Cette chronique fera un léger pas de côté pour traiter de deux affaires d’actualité qui, bien qu’étrangères – à première vue – au secteur bancaire et financier, nous paraissent riches d’enseignements et de réflexions y compris dans le domaine qui nous préoccupe habituellement. En effet, dans un contexte international particulièrement chaotique, deux cas ont défrayé dernièrement la sphère médiatique internationale, prenant même une tournure politique et diplomatique1. Nous nous intéresserons ainsi à l’affaire Capgemini puis à l’affaire Anthropic, survenues l’une et l’autre en ce début d’année 2026. Ces deux affaires nous interpellent car elles posent, en substance, des questions qui pourraient se poser en termes analogues voire identiques à des entreprises financières sur le terrain de la RSE, des chaînes de valeur et du devoir de vigilance. Il nous semble donc intéressant de les analyser en ce qu’elles sont susceptibles de préfigurer les contentieux qui affecteront les banques et les entreprises soumises aux mêmes contraintes juridiques2 – que le devoir de vigilance s’évince de la loi française3 ou de la directive CS3D4.

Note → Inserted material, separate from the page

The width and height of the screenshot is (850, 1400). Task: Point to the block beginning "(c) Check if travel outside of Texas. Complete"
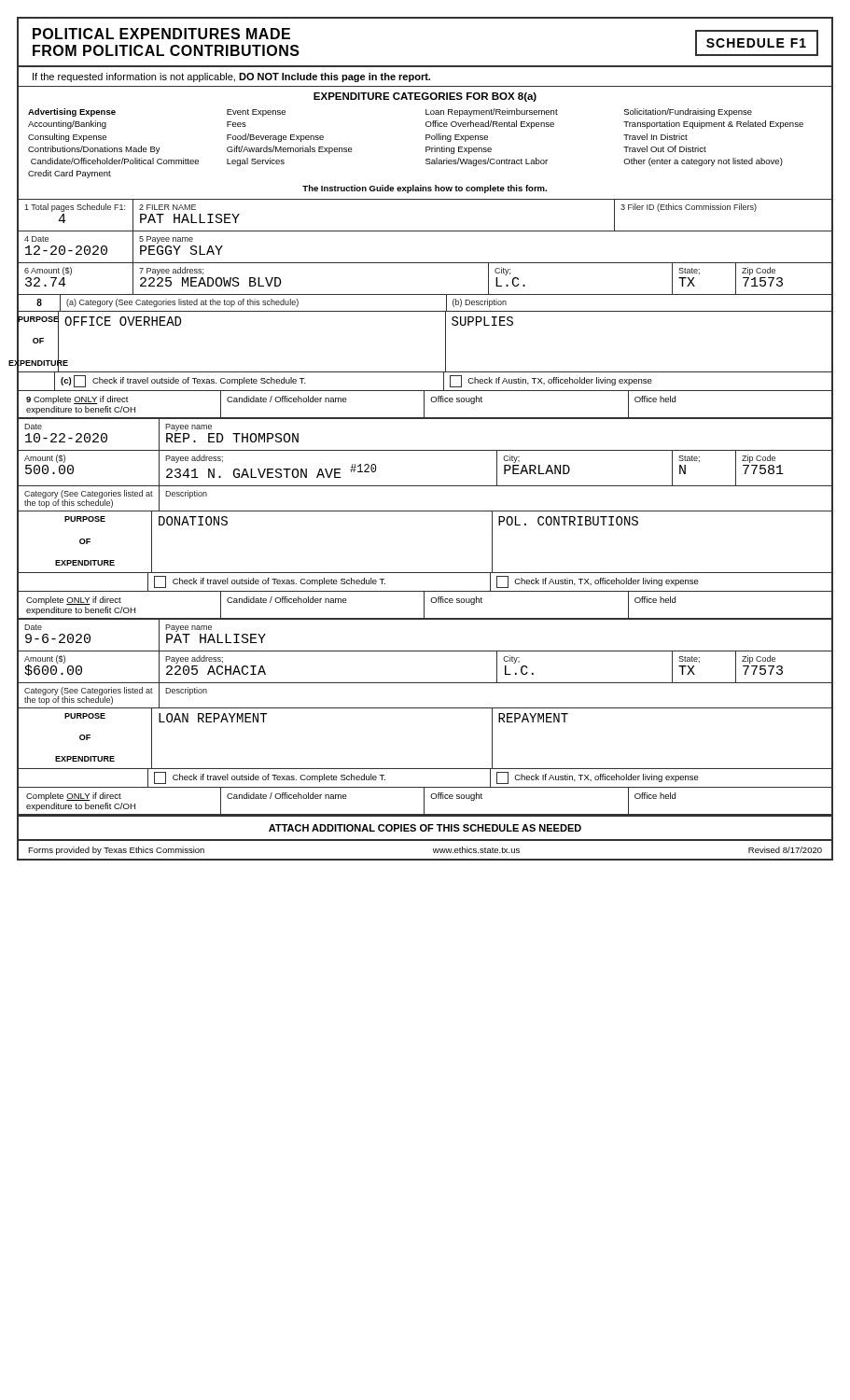[x=425, y=381]
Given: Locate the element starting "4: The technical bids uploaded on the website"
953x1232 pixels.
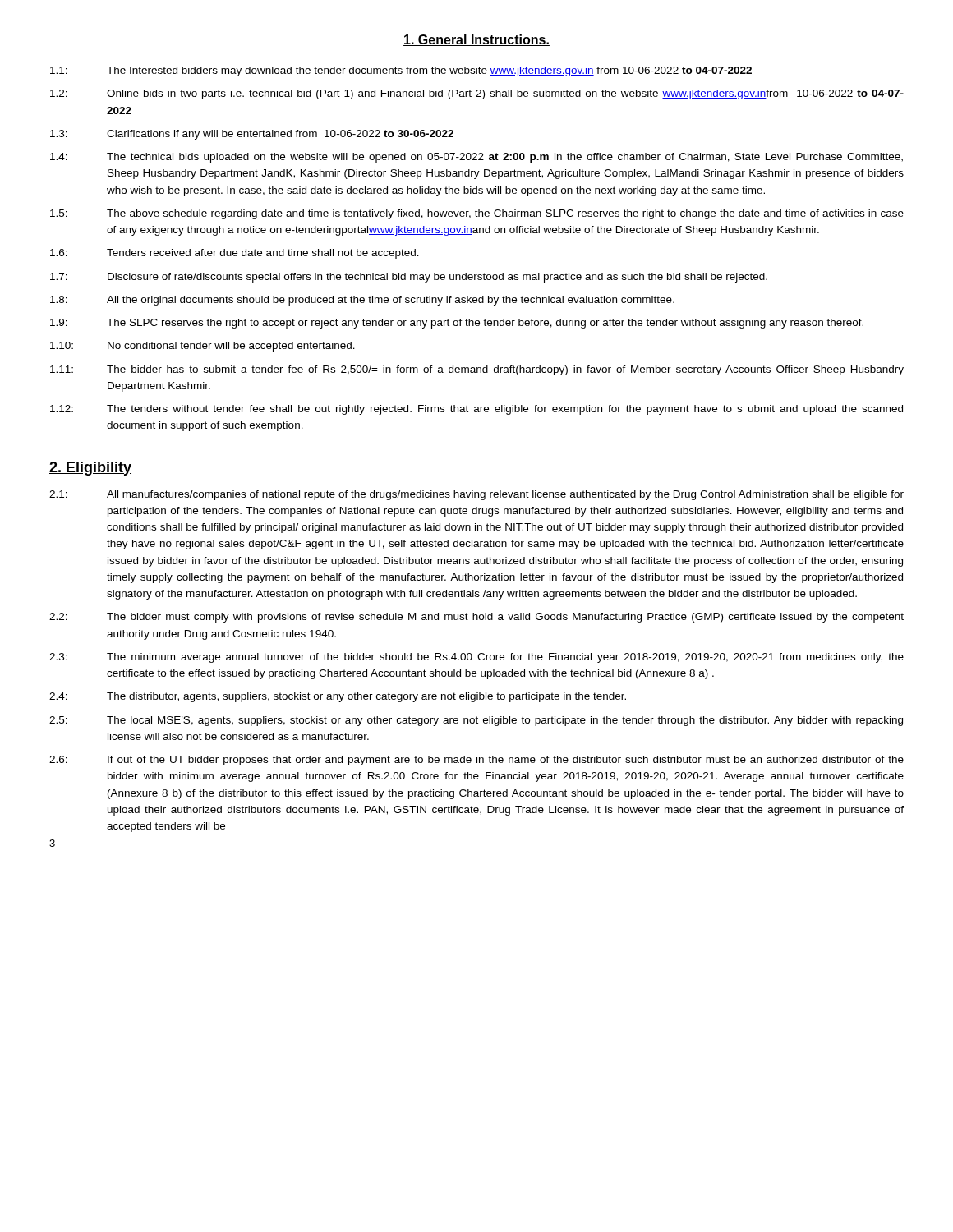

De prime abord, l’affaire impliquant Capgemini et l’agence américaine Immigration and Customs Enforcement (ICE) ainsi que la controverse récente entre Anthropic et le Pentagone donnent un éclairage très net sur les nouvelles tensions entre entreprises technologiques et autorités publiques. Dans les deux situations, sur lesquelles nous allons plus longuement revenir, la controverse ne porte pas tant sur les technologies en elles-mêmes que sur leur intégration dans des politiques publiques coercitives et sur la question de savoir qui, de l’État ou de l’entreprise, est légitime pour en définir les limites et en contrôler les usages. Or, cette question devient cruciale au regard du devoir de vigilance, dès lors qu’une société mère doit s’assurer du contrôle de ses filiales et de la détermination du pouvoir final dans les chaînes de valeur.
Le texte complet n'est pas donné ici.